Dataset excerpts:

*** Block opens ***

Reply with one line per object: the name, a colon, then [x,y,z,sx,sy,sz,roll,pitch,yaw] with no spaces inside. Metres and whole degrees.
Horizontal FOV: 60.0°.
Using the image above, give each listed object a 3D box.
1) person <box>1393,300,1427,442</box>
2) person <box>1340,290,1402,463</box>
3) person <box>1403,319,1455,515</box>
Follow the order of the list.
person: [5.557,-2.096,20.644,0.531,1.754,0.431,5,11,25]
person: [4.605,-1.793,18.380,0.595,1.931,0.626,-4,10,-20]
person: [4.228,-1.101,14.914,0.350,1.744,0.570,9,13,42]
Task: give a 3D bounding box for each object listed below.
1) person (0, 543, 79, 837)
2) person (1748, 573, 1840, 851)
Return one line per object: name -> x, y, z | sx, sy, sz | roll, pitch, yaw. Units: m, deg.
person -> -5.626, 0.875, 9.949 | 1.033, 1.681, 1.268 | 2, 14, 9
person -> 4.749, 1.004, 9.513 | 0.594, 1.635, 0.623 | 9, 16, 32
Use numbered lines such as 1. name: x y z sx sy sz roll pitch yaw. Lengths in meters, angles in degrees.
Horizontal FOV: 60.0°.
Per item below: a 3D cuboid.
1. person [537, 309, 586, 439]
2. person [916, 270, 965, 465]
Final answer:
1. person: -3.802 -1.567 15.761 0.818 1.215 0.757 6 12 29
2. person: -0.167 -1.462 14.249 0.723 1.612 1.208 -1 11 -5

*** Block closes ***

Work order: Each line of the records should be transcribed without change.

Answer area:
Reply with one line per object: the name, a colon, then [x,y,z,sx,sy,sz,roll,pitch,yaw] with no spaces inside. Metres and whole degrees.
Horizontal FOV: 60.0°.
Using the image above, give each listed object a 3D box.
1) person <box>1393,300,1427,442</box>
2) person <box>1340,290,1402,463</box>
3) person <box>1403,319,1455,515</box>
Follow the order of the list.
person: [5.557,-2.096,20.644,0.531,1.754,0.431,5,11,25]
person: [4.605,-1.793,18.380,0.595,1.931,0.626,-4,10,-20]
person: [4.228,-1.101,14.914,0.350,1.744,0.570,9,13,42]
Task: give a 3D bounding box for each object listed below.
1) person (0, 543, 79, 837)
2) person (1748, 573, 1840, 851)
Return one line per object: name -> x, y, z | sx, sy, sz | roll, pitch, yaw. Units: m, deg.
person -> -5.626, 0.875, 9.949 | 1.033, 1.681, 1.268 | 2, 14, 9
person -> 4.749, 1.004, 9.513 | 0.594, 1.635, 0.623 | 9, 16, 32
Use numbered lines such as 1. name: x y z sx sy sz roll pitch yaw. Lengths in meters, angles in degrees.
Horizontal FOV: 60.0°.
Per item below: a 3D cuboid.
1. person [537, 309, 586, 439]
2. person [916, 270, 965, 465]
Final answer:
1. person: -3.802 -1.567 15.761 0.818 1.215 0.757 6 12 29
2. person: -0.167 -1.462 14.249 0.723 1.612 1.208 -1 11 -5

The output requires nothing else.